A) inverting (Fig. 4, A) - the signal is supplied to the inverting input, and the non-inverting input is connected directly to the reference potential (not used);

b) non-inverting (Fig. 4, B) - the signal is supplied to the non-inverting input, and the inverting input is connected directly to the reference potential (not used);

V) differential (Fig. 4, B) - signals are supplied to both inputs, inverting and non-inverting.

To analyze the operation of these circuits, one should take into account second most important rule, to which the operation of the op-amp is subordinated: The output of the operational amplifier tends to ensure that the voltage difference between its inputs is zero..

However, any formulation must be necessary and sufficient, to limit the entire subset of cases subject to it. The above formulation, for all its “classicity,” does not provide any information about which of the inputs the output “seeks to influence.” Based on it, it turns out that the op-amp seems to equalize the voltages at its inputs, supplying voltage to them from somewhere “from within”.

If you carefully examine the diagrams in Fig. 4, you can see that the OOS (through Rooos) in all cases is started from the output only to the inverting input, which gives us reason to reformulate this rule as follows: Voltage at the output of the op-amp, covered by the OOS, tends to ensure that the potential at the inverting input is equal to the potential at the non-inverting input.

Based on this definition, the “master” when any op-amp with OOS is turned on is the non-inverting input, and the “slave” is the inverting input.

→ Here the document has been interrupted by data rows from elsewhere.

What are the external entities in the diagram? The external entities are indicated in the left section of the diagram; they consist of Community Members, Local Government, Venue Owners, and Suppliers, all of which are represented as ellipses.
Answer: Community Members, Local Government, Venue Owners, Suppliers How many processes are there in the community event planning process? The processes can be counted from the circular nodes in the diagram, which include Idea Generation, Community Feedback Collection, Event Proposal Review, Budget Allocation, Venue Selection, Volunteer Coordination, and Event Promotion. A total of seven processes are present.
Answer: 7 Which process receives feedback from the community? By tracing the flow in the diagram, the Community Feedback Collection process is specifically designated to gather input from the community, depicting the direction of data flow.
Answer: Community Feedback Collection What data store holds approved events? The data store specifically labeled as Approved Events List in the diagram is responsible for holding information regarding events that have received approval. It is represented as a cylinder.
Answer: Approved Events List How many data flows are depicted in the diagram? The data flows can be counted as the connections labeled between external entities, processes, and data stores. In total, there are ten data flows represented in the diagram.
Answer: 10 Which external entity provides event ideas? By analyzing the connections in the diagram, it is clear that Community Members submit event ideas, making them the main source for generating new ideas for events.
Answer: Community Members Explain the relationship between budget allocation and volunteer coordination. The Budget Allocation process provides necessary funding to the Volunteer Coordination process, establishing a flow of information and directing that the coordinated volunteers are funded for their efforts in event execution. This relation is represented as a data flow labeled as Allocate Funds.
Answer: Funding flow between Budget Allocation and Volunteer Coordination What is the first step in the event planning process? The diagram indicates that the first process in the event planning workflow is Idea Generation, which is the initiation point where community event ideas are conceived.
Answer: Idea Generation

When describing the operation of an op-amp, the potential at its inverting input is often called a “virtual zero” or “virtual midpoint”. The translation of the Latin word “virtus” means “imaginary”, “imaginary”. The virtual object behaves close to the behavior of similar objects of material reality, i.e., for input signals (due to the action of the feedback loop), the inverting input can be considered connected directly to the same potential to which the non-inverting input is connected. However, “virtual zero” is just a special case that occurs only with a bipolar op-amp supply. When using unipolar power supply (which will be discussed below), and in many other switching circuits, there will be no zero at either the non-inverting or inverting inputs. Therefore, let's agree that we will not use this term, since it interferes with the initial understanding of the operating principles of the op-amp.

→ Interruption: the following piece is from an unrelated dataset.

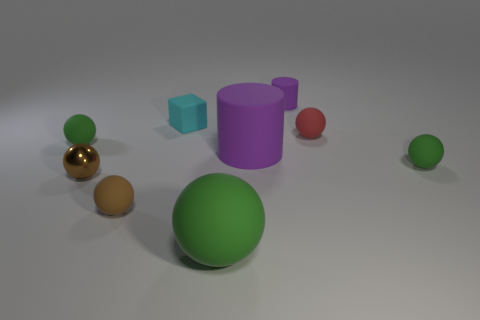Subtract all green spheres. How many were subtracted if there are1green spheres left? 2 Subtract all red cylinders. How many green spheres are left? 3 Subtract all large green spheres. How many spheres are left? 5 Subtract all red balls. How many balls are left? 5 Subtract all red balls. Subtract all green cylinders. How many balls are left? 5 Add 1 tiny cyan matte cubes. How many objects exist? 10 Subtract all cylinders. How many objects are left? 7 Subtract all large cylinders. Subtract all brown matte spheres. How many objects are left? 7 Add 7 cyan rubber objects. How many cyan rubber objects are left? 8 Add 4 purple matte cylinders. How many purple matte cylinders exist? 6

It is from this point of view that we will analyze the diagrams shown in Fig. 4. At the same time, to simplify the analysis, we will assume that the supply voltages are still bipolar, equal to each other in value (say, ± 15 V), with a midpoint (common bus or “ground”), relative to which we will count the input and output voltages. In addition, the analysis will be carried out using direct current, because a changing alternating signal at each moment of time can also be represented as a sample of direct current values. In all cases, feedback via Rooc is initiated from the output of the op-amp to its inverting input. The only difference is which of the inputs is supplied with input voltage.

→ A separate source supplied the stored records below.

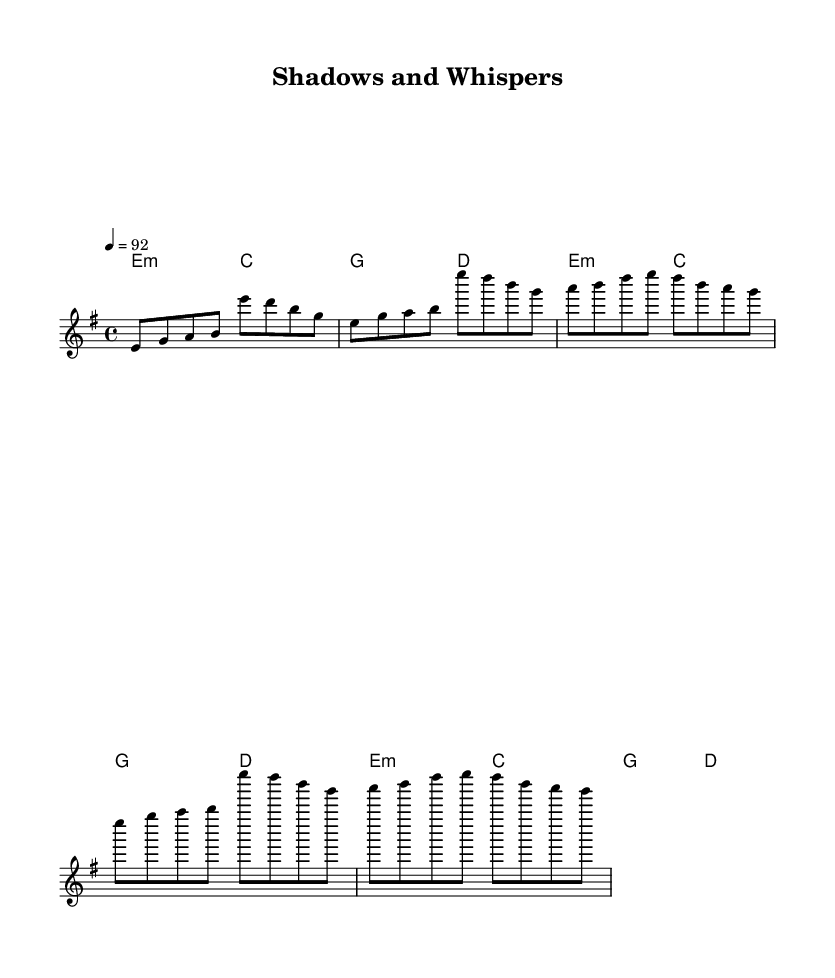What is the key signature of this music? The key signature indicated in the music is E minor, which typically has one sharp (F#). This is shown at the beginning of the staff.
Answer: E minor What is the time signature of this music? The time signature is 4/4, which means there are four beats in each measure, and the quarter note receives one beat. This is indicated at the beginning of the score.
Answer: 4/4 What is the tempo marking for this piece? The tempo marking is 92, which specifies that the beat should be played at a speed of 92 beats per minute. This is noted at the start of the score.
Answer: 92 How many measures are in the verse section? The verse consists of 2 measures as indicated by the grouping of music notation under the verse lyrics. Each line of the verse contains a separate measure.
Answer: 2 What type of musical work is this? This piece is described as a rap, as indicated by the thematic content of the lyrics, which focus on covert missions and intelligence gathering, typical of rap narratives.
Answer: Rap What is the lyrical theme of the refrain? The refrain focuses on themes of urgency and precision, specifically mentioning "Close calls and whispers" which highlights the tension present during covert operations.
Answer: Urgency

A) Inverting switching on (Fig. 5).

Rice. 5 Operating principle of an op-amp in an inverting connection

The potential at the non-inverting input is zero, because it is connected to the midpoint ("ground"). An input signal equal to +1 V relative to the midpoint (from GB) is applied to the left terminal of the input resistor Rin. Let us assume that the resistances Rooc and Rin are equal to each other and amount to 1 kOhm (in total their resistance is 2 kOhm).

According to Rule 2, the inverting input must have the same potential as the non-inverting input, i.e., 0 V. Therefore, a voltage of +1 V is applied to Rin. According to Ohm’s law, current will flow through it Iinput= 1 V / 1000 Ohm = 0.001 A (1 mA). The direction of flow of this current is shown by the arrow.

Since Rooc and Rin are included by the divider, and according to Rule 1, the inputs of the op-amp do not consume current, then in order for the voltage to be 0 V at the midpoint of this divider, voltage must be applied to the right pin of Rooc minus 1 V, and the current flowing through it Ioos should also be equal to 1 mA. In other words, a voltage of 2 V is applied between the left terminal Rin and the right terminal Rooc, and the current flowing through this divider is 1 mA (2 V / (1 kOhm + 1 kOhm) = 1 mA), i.e. I input = I oos .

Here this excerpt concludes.